Jon Cohen’s perspective “The New World of Global Health” was
informative but narrow. Mega dollar donors like Bill Gates and Ted Turner
do deserve praise but mega thinkers/leaders like UNICEF’s deceased James
Grant also deserve credit.
It’s frustrating to read about all the attention given to the need
for new medical breakthroughs. The fact remains that saving lives can’t
get much easier or cheaper. In 1978, the British medical journal “The
Lancet” called Oral Rehydration Therapy (ORT, a simple mixture of sugar,
salt and water) “the medical breakthrough of the century.” For less than
a nickel per dose a child’s horrific death from diarrheal dehydration
could be prevented. Yet almost 30 years later, nearly a million children
still die each year from lack of access to this miracle cure. A similar
shameful statistic could be given about the life saving potential of a 2
cent dose of Vitamin A administered to a child just twice a year.
While highlighting debates between global health donors, researchers,
and providers is useful, the fact remains that all the aid, pledges, and
donations committed to date are woefully insufficient to achieving the
global health goals that world leaders have already agreed on. Additional, adequate and sustainable funding sources, like a global tax on
currency trading or airline travel, are vitally needed and must become a
top priority when discussing global health needs.
The greatest global health failing however (verging on a crime
against humanity -- if breaking a global pledge were actually a crime) was
the failure of world leaders to keep the promises they made at the 1990
World Summit for Children. The first President Bush was among the world
leaders back then who signed a pledge to “make available the resources”

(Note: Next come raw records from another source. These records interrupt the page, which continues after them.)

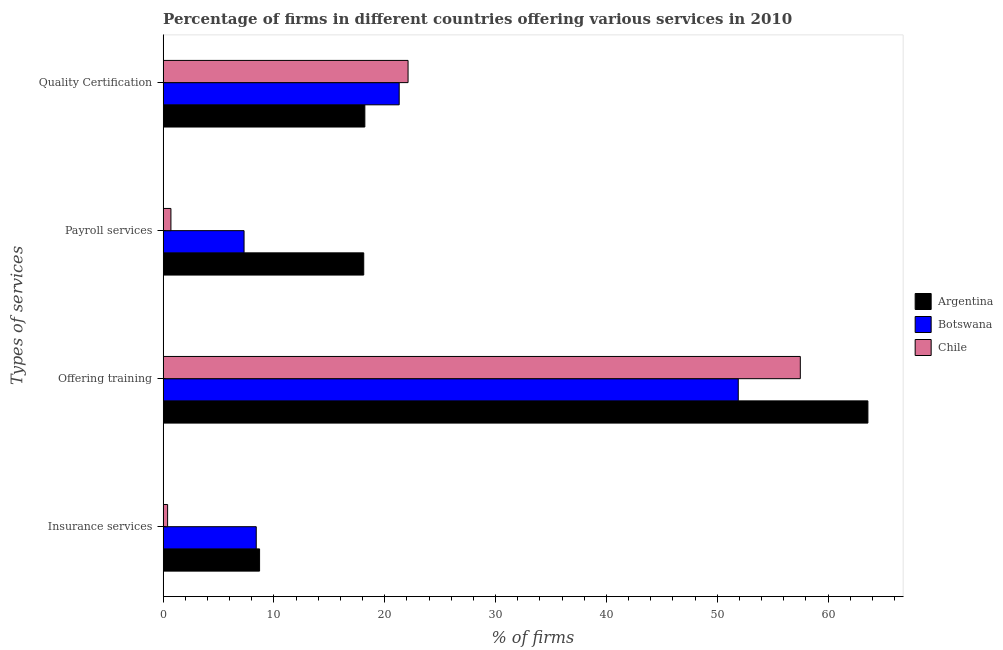How many different coloured bars are there?
Offer a very short reply. 3. How many groups of bars are there?
Offer a terse response. 4. Are the number of bars per tick equal to the number of legend labels?
Keep it short and to the point. Yes. Are the number of bars on each tick of the Y-axis equal?
Provide a short and direct response. Yes. What is the label of the 1st group of bars from the top?
Offer a very short reply. Quality Certification. What is the percentage of firms offering payroll services in Argentina?
Make the answer very short. 18.1. Across all countries, what is the maximum percentage of firms offering insurance services?
Provide a succinct answer. 8.7. Across all countries, what is the minimum percentage of firms offering insurance services?
Offer a very short reply. 0.4. In which country was the percentage of firms offering training minimum?
Offer a very short reply. Botswana. What is the difference between the percentage of firms offering payroll services in Chile and that in Argentina?
Keep it short and to the point. -17.4. What is the difference between the percentage of firms offering training in Argentina and the percentage of firms offering insurance services in Botswana?
Your answer should be compact. 55.2. What is the average percentage of firms offering insurance services per country?
Offer a terse response. 5.83. What is the difference between the percentage of firms offering quality certification and percentage of firms offering payroll services in Argentina?
Ensure brevity in your answer.  0.1. What is the ratio of the percentage of firms offering quality certification in Botswana to that in Argentina?
Offer a terse response. 1.17. Is the percentage of firms offering insurance services in Botswana less than that in Argentina?
Your answer should be compact. Yes. Is the difference between the percentage of firms offering quality certification in Argentina and Botswana greater than the difference between the percentage of firms offering insurance services in Argentina and Botswana?
Provide a succinct answer. No. What is the difference between the highest and the second highest percentage of firms offering quality certification?
Give a very brief answer. 0.8. What is the difference between the highest and the lowest percentage of firms offering insurance services?
Provide a short and direct response. 8.3. What does the 3rd bar from the top in Payroll services represents?
Ensure brevity in your answer.  Argentina. Is it the case that in every country, the sum of the percentage of firms offering insurance services and percentage of firms offering training is greater than the percentage of firms offering payroll services?
Provide a succinct answer. Yes. Are all the bars in the graph horizontal?
Make the answer very short. Yes. How many countries are there in the graph?
Your response must be concise. 3. Are the values on the major ticks of X-axis written in scientific E-notation?
Provide a short and direct response. No. Does the graph contain grids?
Offer a terse response. No. Where does the legend appear in the graph?
Ensure brevity in your answer.  Center right. How are the legend labels stacked?
Your response must be concise. Vertical. What is the title of the graph?
Keep it short and to the point. Percentage of firms in different countries offering various services in 2010. What is the label or title of the X-axis?
Keep it short and to the point. % of firms. What is the label or title of the Y-axis?
Make the answer very short. Types of services. What is the % of firms of Argentina in Insurance services?
Make the answer very short. 8.7. What is the % of firms in Chile in Insurance services?
Provide a short and direct response. 0.4. What is the % of firms in Argentina in Offering training?
Offer a very short reply. 63.6. What is the % of firms of Botswana in Offering training?
Your answer should be compact. 51.9. What is the % of firms of Chile in Offering training?
Ensure brevity in your answer.  57.5. What is the % of firms in Botswana in Payroll services?
Offer a terse response. 7.3. What is the % of firms of Chile in Payroll services?
Ensure brevity in your answer.  0.7. What is the % of firms of Argentina in Quality Certification?
Ensure brevity in your answer.  18.2. What is the % of firms of Botswana in Quality Certification?
Ensure brevity in your answer.  21.3. What is the % of firms of Chile in Quality Certification?
Provide a succinct answer. 22.1. Across all Types of services, what is the maximum % of firms in Argentina?
Offer a terse response. 63.6. Across all Types of services, what is the maximum % of firms of Botswana?
Your answer should be very brief. 51.9. Across all Types of services, what is the maximum % of firms of Chile?
Provide a succinct answer. 57.5. What is the total % of firms of Argentina in the graph?
Your response must be concise. 108.6. What is the total % of firms of Botswana in the graph?
Your response must be concise. 88.9. What is the total % of firms of Chile in the graph?
Keep it short and to the point. 80.7. What is the difference between the % of firms of Argentina in Insurance services and that in Offering training?
Make the answer very short. -54.9. What is the difference between the % of firms of Botswana in Insurance services and that in Offering training?
Offer a very short reply. -43.5. What is the difference between the % of firms in Chile in Insurance services and that in Offering training?
Your response must be concise. -57.1. What is the difference between the % of firms of Chile in Insurance services and that in Payroll services?
Your answer should be very brief. -0.3. What is the difference between the % of firms in Chile in Insurance services and that in Quality Certification?
Make the answer very short. -21.7. What is the difference between the % of firms in Argentina in Offering training and that in Payroll services?
Ensure brevity in your answer.  45.5. What is the difference between the % of firms in Botswana in Offering training and that in Payroll services?
Keep it short and to the point. 44.6. What is the difference between the % of firms in Chile in Offering training and that in Payroll services?
Provide a short and direct response. 56.8. What is the difference between the % of firms of Argentina in Offering training and that in Quality Certification?
Your answer should be very brief. 45.4. What is the difference between the % of firms of Botswana in Offering training and that in Quality Certification?
Offer a very short reply. 30.6. What is the difference between the % of firms of Chile in Offering training and that in Quality Certification?
Provide a short and direct response. 35.4. What is the difference between the % of firms in Chile in Payroll services and that in Quality Certification?
Make the answer very short. -21.4. What is the difference between the % of firms in Argentina in Insurance services and the % of firms in Botswana in Offering training?
Provide a succinct answer. -43.2. What is the difference between the % of firms in Argentina in Insurance services and the % of firms in Chile in Offering training?
Provide a short and direct response. -48.8. What is the difference between the % of firms of Botswana in Insurance services and the % of firms of Chile in Offering training?
Give a very brief answer. -49.1. What is the difference between the % of firms of Argentina in Insurance services and the % of firms of Botswana in Payroll services?
Provide a succinct answer. 1.4. What is the difference between the % of firms of Argentina in Insurance services and the % of firms of Chile in Payroll services?
Your answer should be very brief. 8. What is the difference between the % of firms of Botswana in Insurance services and the % of firms of Chile in Quality Certification?
Your answer should be compact. -13.7. What is the difference between the % of firms of Argentina in Offering training and the % of firms of Botswana in Payroll services?
Provide a succinct answer. 56.3. What is the difference between the % of firms of Argentina in Offering training and the % of firms of Chile in Payroll services?
Offer a very short reply. 62.9. What is the difference between the % of firms in Botswana in Offering training and the % of firms in Chile in Payroll services?
Offer a terse response. 51.2. What is the difference between the % of firms in Argentina in Offering training and the % of firms in Botswana in Quality Certification?
Make the answer very short. 42.3. What is the difference between the % of firms in Argentina in Offering training and the % of firms in Chile in Quality Certification?
Your answer should be very brief. 41.5. What is the difference between the % of firms in Botswana in Offering training and the % of firms in Chile in Quality Certification?
Offer a terse response. 29.8. What is the difference between the % of firms of Argentina in Payroll services and the % of firms of Chile in Quality Certification?
Your answer should be compact. -4. What is the difference between the % of firms in Botswana in Payroll services and the % of firms in Chile in Quality Certification?
Make the answer very short. -14.8. What is the average % of firms in Argentina per Types of services?
Ensure brevity in your answer.  27.15. What is the average % of firms in Botswana per Types of services?
Provide a short and direct response. 22.23. What is the average % of firms of Chile per Types of services?
Your answer should be compact. 20.18. What is the difference between the % of firms of Argentina and % of firms of Chile in Insurance services?
Offer a very short reply. 8.3. What is the difference between the % of firms of Argentina and % of firms of Chile in Offering training?
Provide a short and direct response. 6.1. What is the difference between the % of firms of Botswana and % of firms of Chile in Offering training?
Offer a very short reply. -5.6. What is the difference between the % of firms of Argentina and % of firms of Botswana in Payroll services?
Your answer should be compact. 10.8. What is the difference between the % of firms in Botswana and % of firms in Chile in Payroll services?
Keep it short and to the point. 6.6. What is the ratio of the % of firms of Argentina in Insurance services to that in Offering training?
Ensure brevity in your answer.  0.14. What is the ratio of the % of firms of Botswana in Insurance services to that in Offering training?
Your answer should be very brief. 0.16. What is the ratio of the % of firms of Chile in Insurance services to that in Offering training?
Offer a very short reply. 0.01. What is the ratio of the % of firms of Argentina in Insurance services to that in Payroll services?
Make the answer very short. 0.48. What is the ratio of the % of firms of Botswana in Insurance services to that in Payroll services?
Provide a succinct answer. 1.15. What is the ratio of the % of firms in Argentina in Insurance services to that in Quality Certification?
Provide a short and direct response. 0.48. What is the ratio of the % of firms of Botswana in Insurance services to that in Quality Certification?
Offer a very short reply. 0.39. What is the ratio of the % of firms in Chile in Insurance services to that in Quality Certification?
Your response must be concise. 0.02. What is the ratio of the % of firms in Argentina in Offering training to that in Payroll services?
Your response must be concise. 3.51. What is the ratio of the % of firms of Botswana in Offering training to that in Payroll services?
Your answer should be compact. 7.11. What is the ratio of the % of firms in Chile in Offering training to that in Payroll services?
Your answer should be very brief. 82.14. What is the ratio of the % of firms in Argentina in Offering training to that in Quality Certification?
Provide a short and direct response. 3.49. What is the ratio of the % of firms in Botswana in Offering training to that in Quality Certification?
Your answer should be very brief. 2.44. What is the ratio of the % of firms of Chile in Offering training to that in Quality Certification?
Offer a very short reply. 2.6. What is the ratio of the % of firms of Argentina in Payroll services to that in Quality Certification?
Give a very brief answer. 0.99. What is the ratio of the % of firms in Botswana in Payroll services to that in Quality Certification?
Provide a short and direct response. 0.34. What is the ratio of the % of firms of Chile in Payroll services to that in Quality Certification?
Give a very brief answer. 0.03. What is the difference between the highest and the second highest % of firms of Argentina?
Make the answer very short. 45.4. What is the difference between the highest and the second highest % of firms of Botswana?
Your answer should be very brief. 30.6. What is the difference between the highest and the second highest % of firms in Chile?
Your answer should be very brief. 35.4. What is the difference between the highest and the lowest % of firms in Argentina?
Make the answer very short. 54.9. What is the difference between the highest and the lowest % of firms of Botswana?
Offer a very short reply. 44.6. What is the difference between the highest and the lowest % of firms in Chile?
Give a very brief answer. 57.1.

needed to meet the child survival goals targeted for the year 2000. Some
progress was made but few goals were met. And, as Cohen mentioned, some
of that progress has since been lost.
But, in reality the failures to meet global health goals aren’t about
money. For less than American males spend on beer each year
(approximately $60 billion), all the world’s people who are now lacking
clean water, safe sanitation, adequate nutrition, basic education, and
primary health care could be adequately served. Such an investment would
not only save millions of lives and prevent tens of millions of
disabilities each year, it would also save us billions of tax dollars as
well. According to a 1997 GAO report, the global eradication of small
pox (costing the US only $32 million over 10 years) had already saved
American taxpayers over $17 billion dollars. Additional savings will be
made from the eradication of polio and measles. Our economy will also be
boosted by increasing the productivity and purchasing power of millions of
now impoverished people.
Even more important however is that fact that an adequate investment
in a global primary healthcare infrastructure would provide humanity with
a global prevention, early warning, and rapid response system for
addressing our two greatest national security threats -- natural and
terrorist-planned pandemics.
As long as great humanitarians like Gates, Bono, and bleeding heart
citizens only see global health as a humanitarian cause instead of the
national security issue that it is, the noble goals that are set will
never be adequately funded or achieved. Providing health care isn’t just
about doing good. It’s about doing what’s right (an inalienble human
right) and what’s smart (saving our own behinds).